#### Required action
Please give the count of lines in the listing underneath that hold "intensity", leaving out everything else.

<<<<

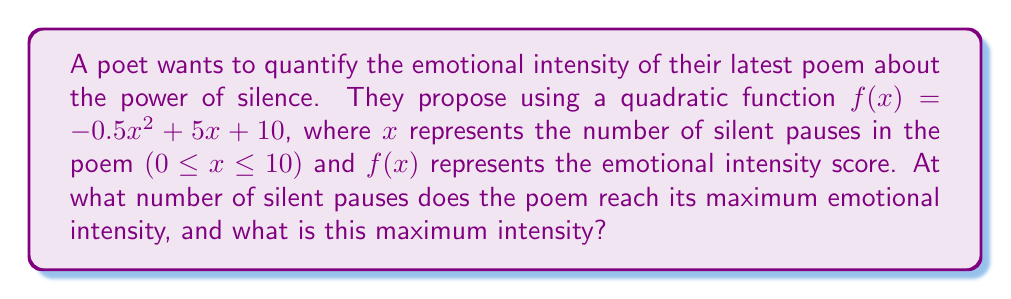Give your solution to this math problem. 1) The quadratic function given is $f(x) = -0.5x^2 + 5x + 10$

2) For a quadratic function in the form $f(x) = ax^2 + bx + c$, the x-coordinate of the vertex (which gives the maximum or minimum point) is given by $x = -\frac{b}{2a}$

3) In this case, $a = -0.5$ and $b = 5$

4) Substituting these values:
   $x = -\frac{5}{2(-0.5)} = -\frac{5}{-1} = 5$

5) This means the maximum emotional intensity occurs when there are 5 silent pauses

6) To find the maximum intensity, we substitute $x = 5$ into the original function:

   $f(5) = -0.5(5)^2 + 5(5) + 10$
   $    = -0.5(25) + 25 + 10$
   $    = -12.5 + 25 + 10$
   $    = 22.5$

Therefore, the maximum emotional intensity is 22.5, occurring at 5 silent pauses.
Answer: 5 pauses; 22.5 intensity

>>>>

#### Solved problem
4